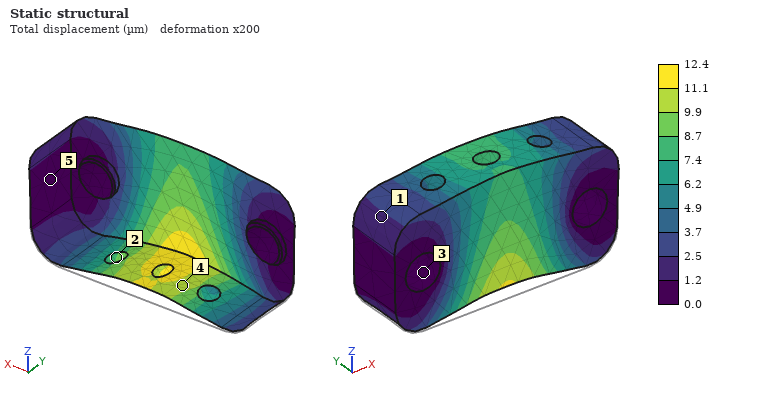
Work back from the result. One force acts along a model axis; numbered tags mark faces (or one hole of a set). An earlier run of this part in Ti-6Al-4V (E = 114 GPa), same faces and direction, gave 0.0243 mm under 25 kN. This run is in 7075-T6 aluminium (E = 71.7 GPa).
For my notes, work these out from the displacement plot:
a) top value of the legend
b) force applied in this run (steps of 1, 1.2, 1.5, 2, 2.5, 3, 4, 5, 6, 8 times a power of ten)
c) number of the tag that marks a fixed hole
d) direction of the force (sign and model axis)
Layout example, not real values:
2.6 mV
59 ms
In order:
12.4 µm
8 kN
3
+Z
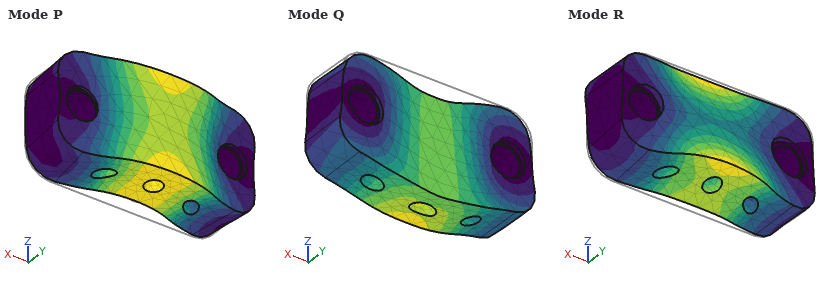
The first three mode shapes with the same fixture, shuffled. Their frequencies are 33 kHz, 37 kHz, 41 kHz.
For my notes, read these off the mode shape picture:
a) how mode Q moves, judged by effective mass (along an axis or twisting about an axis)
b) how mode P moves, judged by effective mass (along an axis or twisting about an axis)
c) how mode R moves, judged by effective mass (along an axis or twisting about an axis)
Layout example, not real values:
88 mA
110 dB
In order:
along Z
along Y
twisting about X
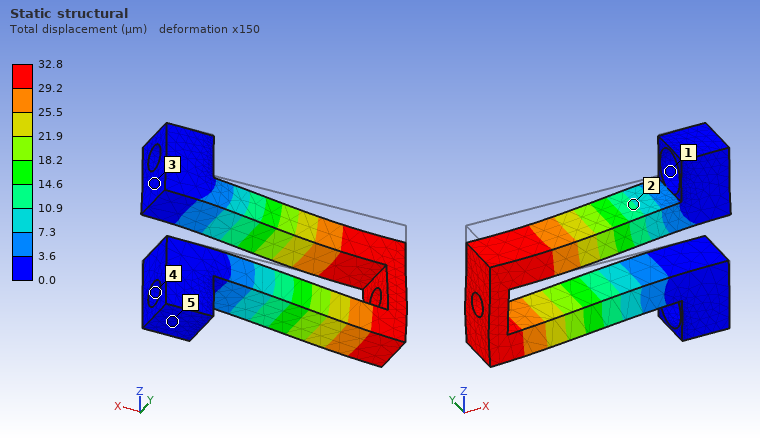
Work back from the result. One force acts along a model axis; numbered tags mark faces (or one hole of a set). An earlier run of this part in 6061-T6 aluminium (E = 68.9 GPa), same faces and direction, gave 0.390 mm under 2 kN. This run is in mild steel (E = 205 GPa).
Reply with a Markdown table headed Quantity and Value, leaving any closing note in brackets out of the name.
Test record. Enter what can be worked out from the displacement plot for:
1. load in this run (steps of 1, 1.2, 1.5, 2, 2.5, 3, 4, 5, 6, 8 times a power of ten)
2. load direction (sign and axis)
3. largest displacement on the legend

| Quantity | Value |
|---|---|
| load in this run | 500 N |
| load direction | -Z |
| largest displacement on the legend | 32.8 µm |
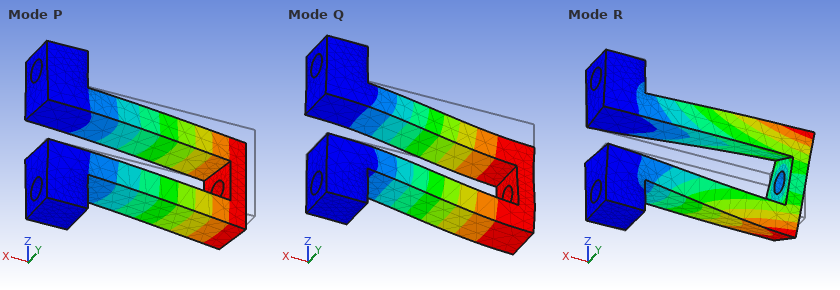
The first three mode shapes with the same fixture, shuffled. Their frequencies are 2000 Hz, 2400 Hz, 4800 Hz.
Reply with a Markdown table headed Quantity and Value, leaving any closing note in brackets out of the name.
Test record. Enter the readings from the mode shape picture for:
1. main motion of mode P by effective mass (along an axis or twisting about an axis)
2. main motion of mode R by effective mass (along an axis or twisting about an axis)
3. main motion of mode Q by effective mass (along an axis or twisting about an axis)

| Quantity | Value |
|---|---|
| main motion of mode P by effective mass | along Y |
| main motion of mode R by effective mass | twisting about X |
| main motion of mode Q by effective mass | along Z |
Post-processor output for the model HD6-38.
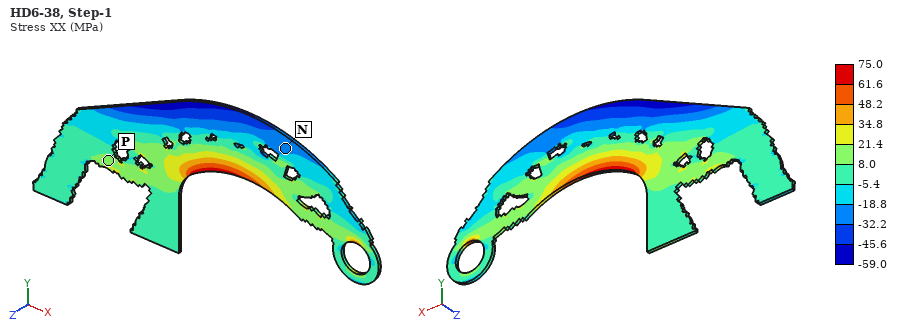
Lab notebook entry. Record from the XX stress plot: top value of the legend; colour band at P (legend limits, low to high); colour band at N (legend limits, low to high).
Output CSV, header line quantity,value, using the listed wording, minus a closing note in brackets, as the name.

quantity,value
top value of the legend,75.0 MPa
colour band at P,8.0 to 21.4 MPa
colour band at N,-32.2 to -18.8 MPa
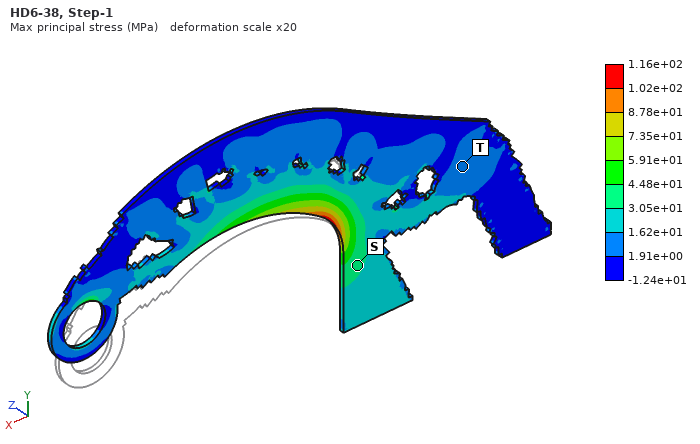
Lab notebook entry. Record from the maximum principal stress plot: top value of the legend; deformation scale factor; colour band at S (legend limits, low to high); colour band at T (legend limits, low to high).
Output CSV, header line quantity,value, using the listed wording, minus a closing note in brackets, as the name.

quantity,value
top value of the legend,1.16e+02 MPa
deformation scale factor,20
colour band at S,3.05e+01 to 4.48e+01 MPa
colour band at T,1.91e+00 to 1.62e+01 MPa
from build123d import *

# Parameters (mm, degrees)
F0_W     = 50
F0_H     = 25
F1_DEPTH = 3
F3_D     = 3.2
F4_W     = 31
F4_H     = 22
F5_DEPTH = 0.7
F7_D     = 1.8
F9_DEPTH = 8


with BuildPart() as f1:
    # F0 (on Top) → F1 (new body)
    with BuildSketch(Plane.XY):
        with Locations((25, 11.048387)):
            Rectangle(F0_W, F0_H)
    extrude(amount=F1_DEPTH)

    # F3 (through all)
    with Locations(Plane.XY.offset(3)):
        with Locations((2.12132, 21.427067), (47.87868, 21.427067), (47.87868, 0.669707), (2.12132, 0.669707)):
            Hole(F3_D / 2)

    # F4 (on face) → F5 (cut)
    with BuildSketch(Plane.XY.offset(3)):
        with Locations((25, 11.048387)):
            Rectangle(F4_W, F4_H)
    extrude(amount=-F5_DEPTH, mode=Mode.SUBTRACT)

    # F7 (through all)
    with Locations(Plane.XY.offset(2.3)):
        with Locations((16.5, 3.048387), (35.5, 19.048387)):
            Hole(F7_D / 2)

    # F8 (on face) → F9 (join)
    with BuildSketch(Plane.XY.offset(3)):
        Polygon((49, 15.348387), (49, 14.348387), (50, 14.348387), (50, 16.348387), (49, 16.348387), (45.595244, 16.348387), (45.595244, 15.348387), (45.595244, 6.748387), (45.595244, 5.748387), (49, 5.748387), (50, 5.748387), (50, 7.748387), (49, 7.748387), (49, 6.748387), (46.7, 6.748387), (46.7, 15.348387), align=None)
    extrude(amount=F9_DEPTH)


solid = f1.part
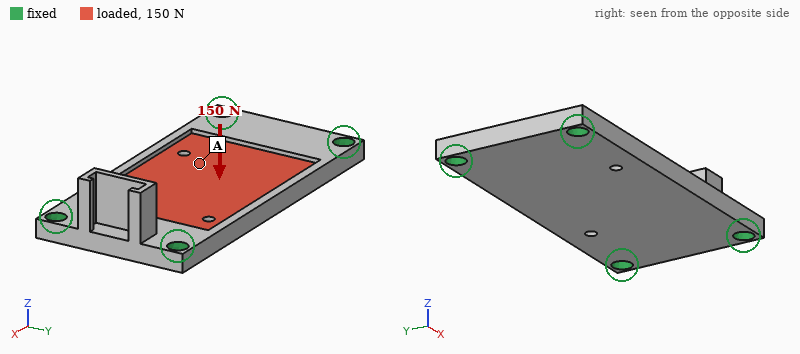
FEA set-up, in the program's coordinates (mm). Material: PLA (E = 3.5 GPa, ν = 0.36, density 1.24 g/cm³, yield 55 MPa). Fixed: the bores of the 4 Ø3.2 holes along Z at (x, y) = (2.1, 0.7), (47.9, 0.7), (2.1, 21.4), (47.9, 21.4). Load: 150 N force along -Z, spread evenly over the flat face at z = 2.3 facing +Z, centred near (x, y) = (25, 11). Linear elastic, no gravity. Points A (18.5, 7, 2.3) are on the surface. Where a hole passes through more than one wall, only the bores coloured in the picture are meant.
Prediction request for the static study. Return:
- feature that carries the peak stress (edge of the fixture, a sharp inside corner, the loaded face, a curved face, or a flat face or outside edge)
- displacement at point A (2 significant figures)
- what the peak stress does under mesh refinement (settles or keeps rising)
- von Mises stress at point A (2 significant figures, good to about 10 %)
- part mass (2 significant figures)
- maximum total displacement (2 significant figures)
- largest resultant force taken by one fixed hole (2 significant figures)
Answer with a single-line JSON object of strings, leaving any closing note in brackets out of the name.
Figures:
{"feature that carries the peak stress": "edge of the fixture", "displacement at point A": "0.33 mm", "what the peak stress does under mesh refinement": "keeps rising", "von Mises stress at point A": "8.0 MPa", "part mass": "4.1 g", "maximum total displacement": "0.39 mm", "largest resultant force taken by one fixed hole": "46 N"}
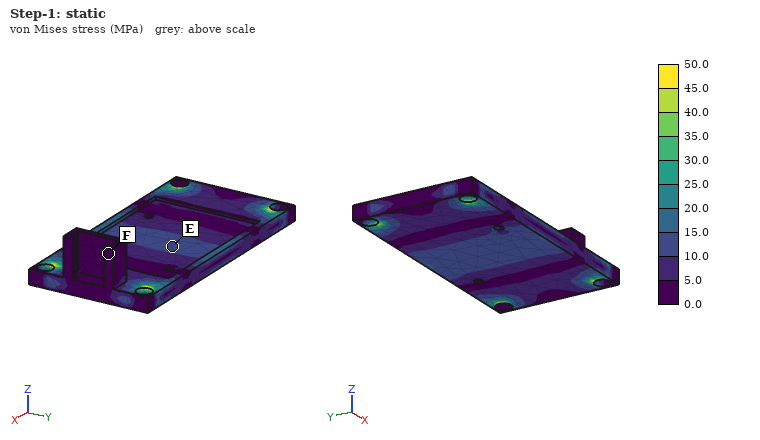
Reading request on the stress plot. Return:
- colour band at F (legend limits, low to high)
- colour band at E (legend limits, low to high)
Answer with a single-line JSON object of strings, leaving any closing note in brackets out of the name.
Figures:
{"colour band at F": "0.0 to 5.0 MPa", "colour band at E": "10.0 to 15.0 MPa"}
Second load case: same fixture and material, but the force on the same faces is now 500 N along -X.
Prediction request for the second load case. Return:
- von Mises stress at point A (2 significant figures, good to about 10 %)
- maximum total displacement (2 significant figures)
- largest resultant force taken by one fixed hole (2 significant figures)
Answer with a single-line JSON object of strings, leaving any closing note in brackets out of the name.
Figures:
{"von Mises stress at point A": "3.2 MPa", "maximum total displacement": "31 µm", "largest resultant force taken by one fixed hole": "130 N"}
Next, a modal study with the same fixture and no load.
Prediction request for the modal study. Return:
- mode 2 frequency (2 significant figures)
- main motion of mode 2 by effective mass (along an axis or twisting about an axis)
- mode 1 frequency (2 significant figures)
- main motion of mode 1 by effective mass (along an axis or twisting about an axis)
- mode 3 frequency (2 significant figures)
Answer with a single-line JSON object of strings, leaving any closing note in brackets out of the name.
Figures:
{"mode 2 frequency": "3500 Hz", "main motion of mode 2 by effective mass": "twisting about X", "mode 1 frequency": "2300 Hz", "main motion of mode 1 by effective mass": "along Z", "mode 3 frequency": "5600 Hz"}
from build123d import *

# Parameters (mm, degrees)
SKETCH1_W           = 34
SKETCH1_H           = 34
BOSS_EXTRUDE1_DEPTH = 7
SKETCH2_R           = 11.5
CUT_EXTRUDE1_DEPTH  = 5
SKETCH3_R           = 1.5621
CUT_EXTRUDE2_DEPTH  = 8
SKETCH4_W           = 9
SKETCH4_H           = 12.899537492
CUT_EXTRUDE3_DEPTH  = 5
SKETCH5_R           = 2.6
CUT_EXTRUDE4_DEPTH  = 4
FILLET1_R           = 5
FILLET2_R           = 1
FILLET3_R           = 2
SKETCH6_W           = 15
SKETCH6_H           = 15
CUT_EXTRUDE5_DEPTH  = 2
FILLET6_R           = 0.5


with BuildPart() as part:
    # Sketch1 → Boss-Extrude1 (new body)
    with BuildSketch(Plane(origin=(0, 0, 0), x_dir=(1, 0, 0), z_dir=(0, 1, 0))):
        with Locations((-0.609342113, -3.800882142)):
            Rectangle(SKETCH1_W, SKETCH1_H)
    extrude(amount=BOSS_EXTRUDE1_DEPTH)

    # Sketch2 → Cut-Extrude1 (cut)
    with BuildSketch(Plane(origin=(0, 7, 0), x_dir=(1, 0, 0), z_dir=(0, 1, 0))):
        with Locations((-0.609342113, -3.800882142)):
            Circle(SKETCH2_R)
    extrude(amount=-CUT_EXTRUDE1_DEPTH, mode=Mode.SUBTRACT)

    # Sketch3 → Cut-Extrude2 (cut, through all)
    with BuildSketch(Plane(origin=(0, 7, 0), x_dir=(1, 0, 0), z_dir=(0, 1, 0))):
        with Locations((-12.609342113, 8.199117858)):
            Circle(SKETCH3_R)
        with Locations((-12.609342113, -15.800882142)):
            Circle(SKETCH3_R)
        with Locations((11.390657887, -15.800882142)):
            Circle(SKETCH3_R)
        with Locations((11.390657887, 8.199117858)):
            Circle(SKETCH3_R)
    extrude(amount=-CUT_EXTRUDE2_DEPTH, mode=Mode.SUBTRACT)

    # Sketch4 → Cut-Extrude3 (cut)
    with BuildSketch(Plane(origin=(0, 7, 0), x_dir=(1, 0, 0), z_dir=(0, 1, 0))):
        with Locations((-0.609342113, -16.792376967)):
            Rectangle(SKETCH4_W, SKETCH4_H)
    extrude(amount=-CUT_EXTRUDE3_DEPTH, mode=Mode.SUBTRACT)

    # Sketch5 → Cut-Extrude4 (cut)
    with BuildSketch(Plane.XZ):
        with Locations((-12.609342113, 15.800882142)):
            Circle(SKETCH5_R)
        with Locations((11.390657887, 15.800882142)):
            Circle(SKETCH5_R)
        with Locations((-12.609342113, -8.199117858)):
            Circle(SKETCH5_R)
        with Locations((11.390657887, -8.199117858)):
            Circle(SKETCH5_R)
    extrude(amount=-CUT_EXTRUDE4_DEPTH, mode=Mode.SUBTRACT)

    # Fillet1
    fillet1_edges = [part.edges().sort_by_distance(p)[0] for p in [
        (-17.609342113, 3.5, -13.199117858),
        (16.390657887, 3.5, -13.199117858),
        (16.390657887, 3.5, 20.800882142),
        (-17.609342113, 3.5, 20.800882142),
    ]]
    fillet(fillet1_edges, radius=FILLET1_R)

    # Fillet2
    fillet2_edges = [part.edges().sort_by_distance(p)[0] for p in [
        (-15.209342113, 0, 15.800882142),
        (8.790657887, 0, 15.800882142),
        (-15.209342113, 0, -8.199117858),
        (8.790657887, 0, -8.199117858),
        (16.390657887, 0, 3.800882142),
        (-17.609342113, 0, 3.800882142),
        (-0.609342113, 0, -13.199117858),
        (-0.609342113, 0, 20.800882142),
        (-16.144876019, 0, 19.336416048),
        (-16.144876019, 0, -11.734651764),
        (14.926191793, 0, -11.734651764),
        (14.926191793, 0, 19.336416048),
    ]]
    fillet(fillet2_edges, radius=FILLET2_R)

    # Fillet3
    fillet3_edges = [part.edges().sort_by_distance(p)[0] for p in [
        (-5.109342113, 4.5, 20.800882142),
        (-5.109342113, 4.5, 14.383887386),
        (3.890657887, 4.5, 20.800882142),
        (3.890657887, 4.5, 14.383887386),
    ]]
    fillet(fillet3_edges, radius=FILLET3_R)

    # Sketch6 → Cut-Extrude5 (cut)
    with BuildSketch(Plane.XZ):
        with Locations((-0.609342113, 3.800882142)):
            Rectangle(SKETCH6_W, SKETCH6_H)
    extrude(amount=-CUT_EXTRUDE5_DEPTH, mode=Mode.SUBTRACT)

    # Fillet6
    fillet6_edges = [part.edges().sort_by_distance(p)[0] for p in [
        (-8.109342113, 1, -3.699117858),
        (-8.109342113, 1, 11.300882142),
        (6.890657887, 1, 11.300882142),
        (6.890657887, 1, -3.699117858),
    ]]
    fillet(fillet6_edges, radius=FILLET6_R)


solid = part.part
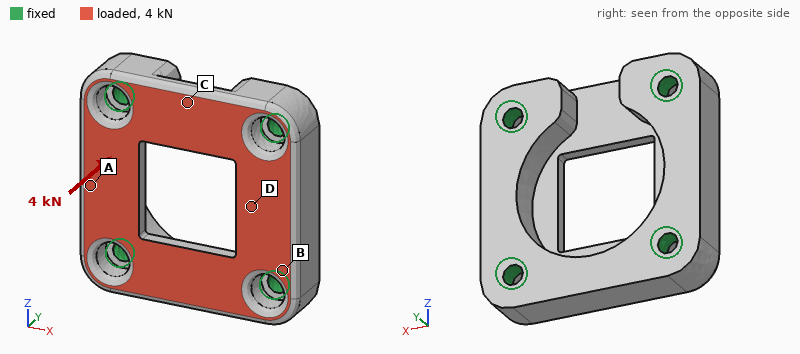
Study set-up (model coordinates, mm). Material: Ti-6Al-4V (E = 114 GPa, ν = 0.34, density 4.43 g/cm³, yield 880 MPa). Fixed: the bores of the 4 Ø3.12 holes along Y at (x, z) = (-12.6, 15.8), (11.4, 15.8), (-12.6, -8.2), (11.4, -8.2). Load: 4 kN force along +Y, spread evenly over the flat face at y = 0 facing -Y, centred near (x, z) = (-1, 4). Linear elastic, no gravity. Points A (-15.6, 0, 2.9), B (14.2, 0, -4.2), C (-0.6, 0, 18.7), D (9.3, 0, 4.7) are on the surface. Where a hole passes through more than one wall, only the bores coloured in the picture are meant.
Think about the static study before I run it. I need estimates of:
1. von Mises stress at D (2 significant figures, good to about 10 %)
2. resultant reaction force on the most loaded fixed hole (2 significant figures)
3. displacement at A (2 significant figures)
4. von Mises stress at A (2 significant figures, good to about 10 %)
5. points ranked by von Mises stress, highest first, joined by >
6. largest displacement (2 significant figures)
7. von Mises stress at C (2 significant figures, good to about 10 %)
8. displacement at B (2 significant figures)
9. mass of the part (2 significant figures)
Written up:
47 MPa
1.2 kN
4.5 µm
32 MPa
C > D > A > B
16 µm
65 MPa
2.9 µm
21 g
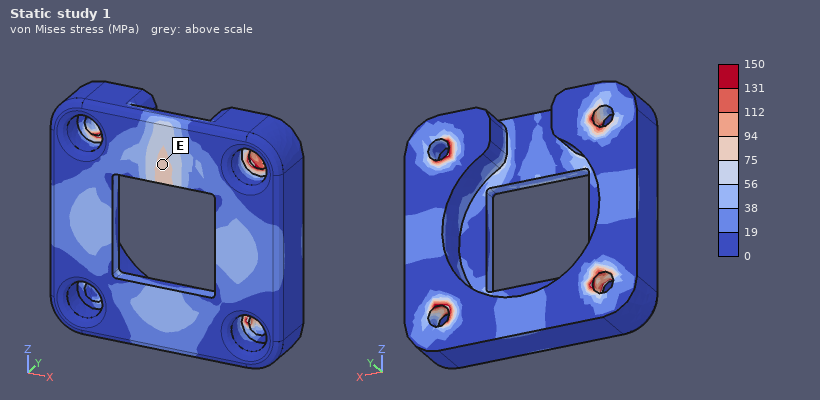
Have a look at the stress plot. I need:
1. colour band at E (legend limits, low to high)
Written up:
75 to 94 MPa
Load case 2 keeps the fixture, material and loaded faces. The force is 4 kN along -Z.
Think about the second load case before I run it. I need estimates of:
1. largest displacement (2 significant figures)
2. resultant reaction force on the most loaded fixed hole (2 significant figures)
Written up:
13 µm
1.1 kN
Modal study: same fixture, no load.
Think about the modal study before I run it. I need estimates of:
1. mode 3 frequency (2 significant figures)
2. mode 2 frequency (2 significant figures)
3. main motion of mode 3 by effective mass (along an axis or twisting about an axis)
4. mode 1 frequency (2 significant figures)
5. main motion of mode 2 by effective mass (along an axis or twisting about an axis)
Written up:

=-=-=

### Task item
The answer is to be one number: the count of lines in the entries containing the string "static".

### Exercise response
2